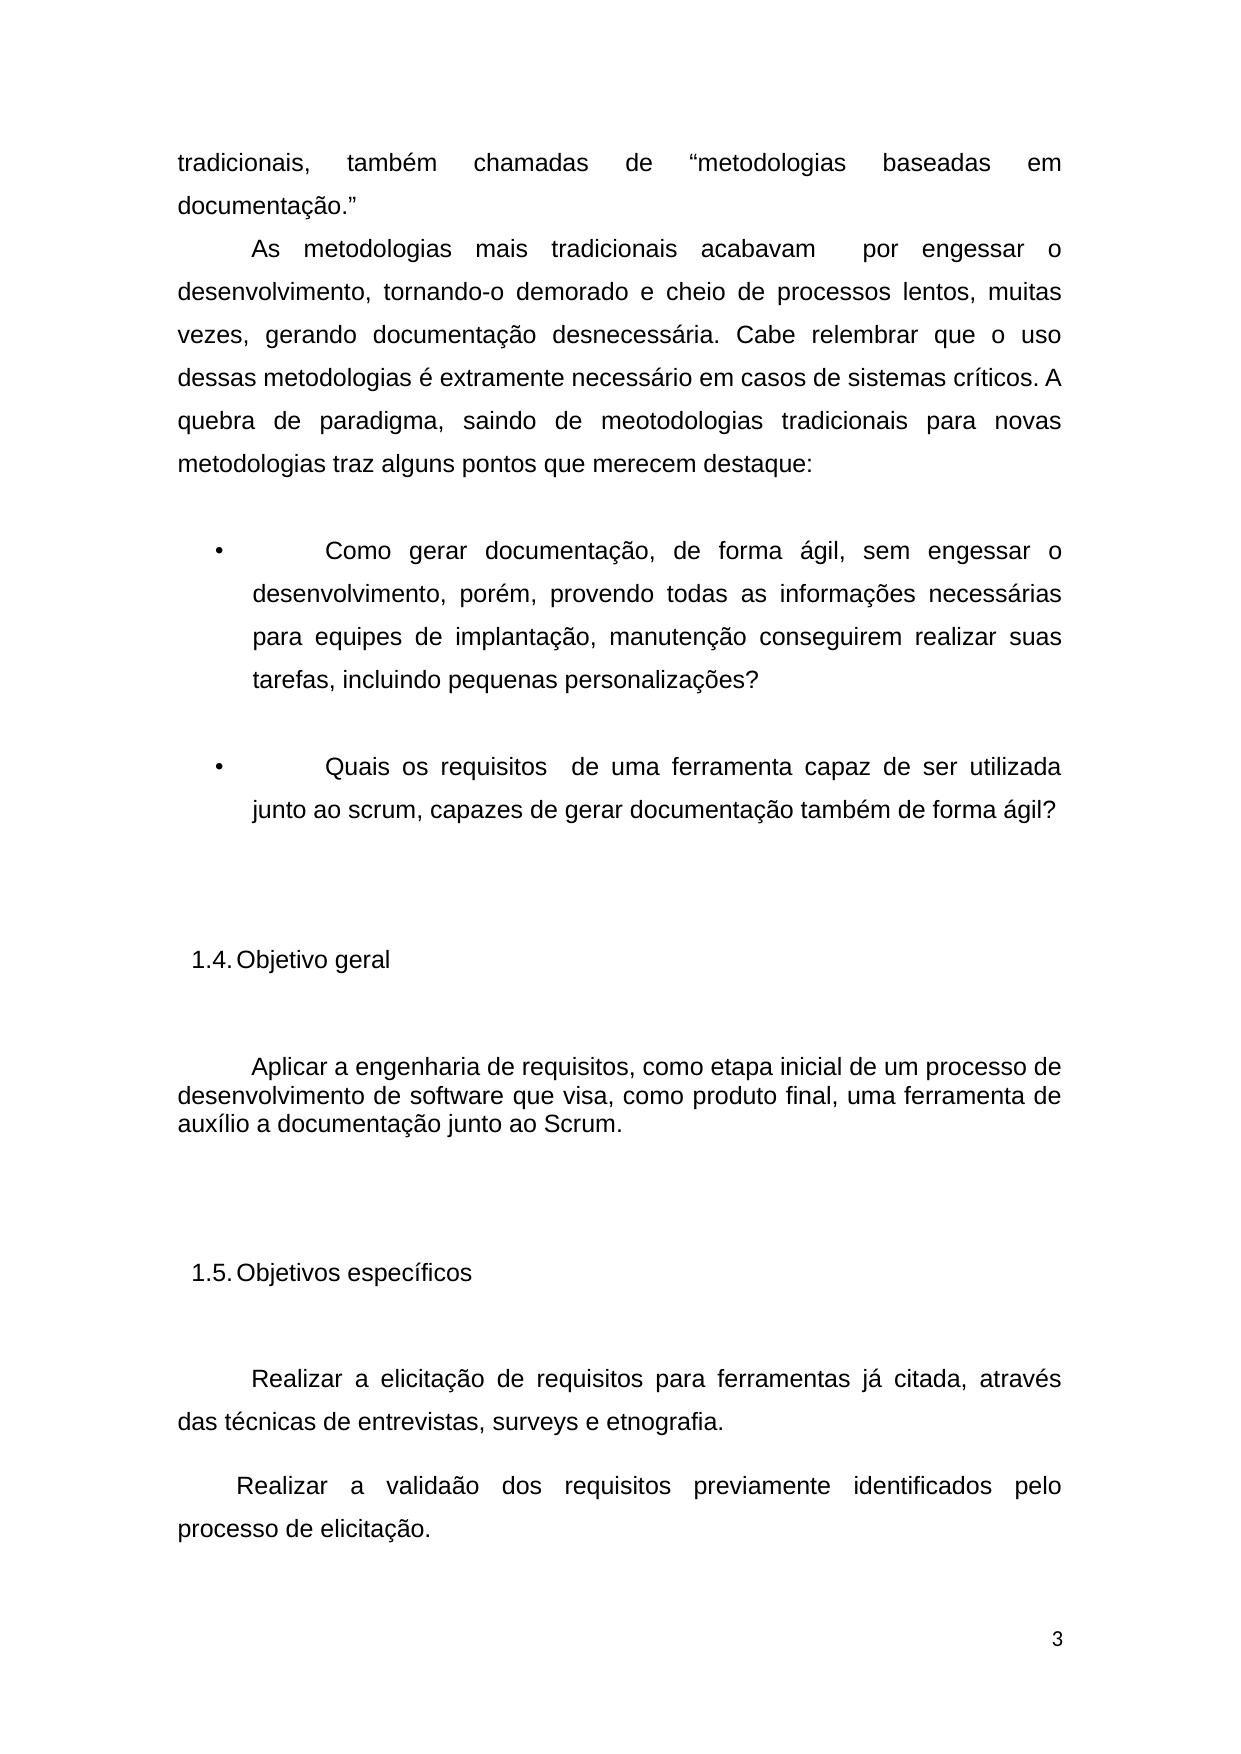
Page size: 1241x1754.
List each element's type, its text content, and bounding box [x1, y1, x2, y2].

list Quais os requisitos de uma ferramenta capaz de ser utilizada junto ao scrum, capazes de gerar documentação também de forma ágil? [215, 751, 1063, 823]
text Realizar a validaão dos requisitos previamente identificados pelo processo de elicitação. [177, 1471, 1063, 1543]
subtitle Objetivo geral [191, 945, 1063, 974]
text As metodologias mais tradicionais acabavam por engessar o desenvolvimento, tornando-o demorado e cheio de processos lentos, muitas vezes, gerando documentação desnecessária. Cabe relembrar que o uso dessas metodologias é extramente necessário em casos de sistemas críticos. A quebra de paradigma, saindo de meotodologias tradicionais para novas metodologias traz alguns pontos que merecem destaque: [177, 234, 1063, 478]
list Como gerar documentação, de forma ágil, sem engessar o desenvolvimento, porém, provendo todas as informações necessárias para equipes de implantação, manutenção conseguirem realizar suas tarefas, incluindo pequenas personalizações? [215, 536, 1063, 694]
text tradicionais, também chamadas de “metodologias baseadas em documentação.” [177, 148, 1063, 219]
text Aplicar a engenharia de requisitos, como etapa inicial de um processo de desenvolvimento de software que visa, como produto final, uma ferramenta de auxílio a documentação junto ao Scrum. [177, 1052, 1063, 1138]
text Realizar a elicitação de requisitos para ferramentas já citada, através das técnicas de entrevistas, surveys e etnografia. [177, 1364, 1063, 1436]
subtitle Objetivos específicos [191, 1258, 1063, 1287]

(To do):
Please repeat, exactly and only, the lines from the one containing "text tradicionais, também" through the last line of the records, both included.

(Solution):
text tradicionais, também chamadas de “metodologias baseadas em documentação.” [177, 148, 1063, 219]
text Aplicar a engenharia de requisitos, como etapa inicial de um processo de desenvolvimento de software que visa, como produto final, uma ferramenta de auxílio a documentação junto ao Scrum. [177, 1052, 1063, 1138]
text Realizar a elicitação de requisitos para ferramentas já citada, através das técnicas de entrevistas, surveys e etnografia. [177, 1364, 1063, 1436]
subtitle Objetivos específicos [191, 1258, 1063, 1287]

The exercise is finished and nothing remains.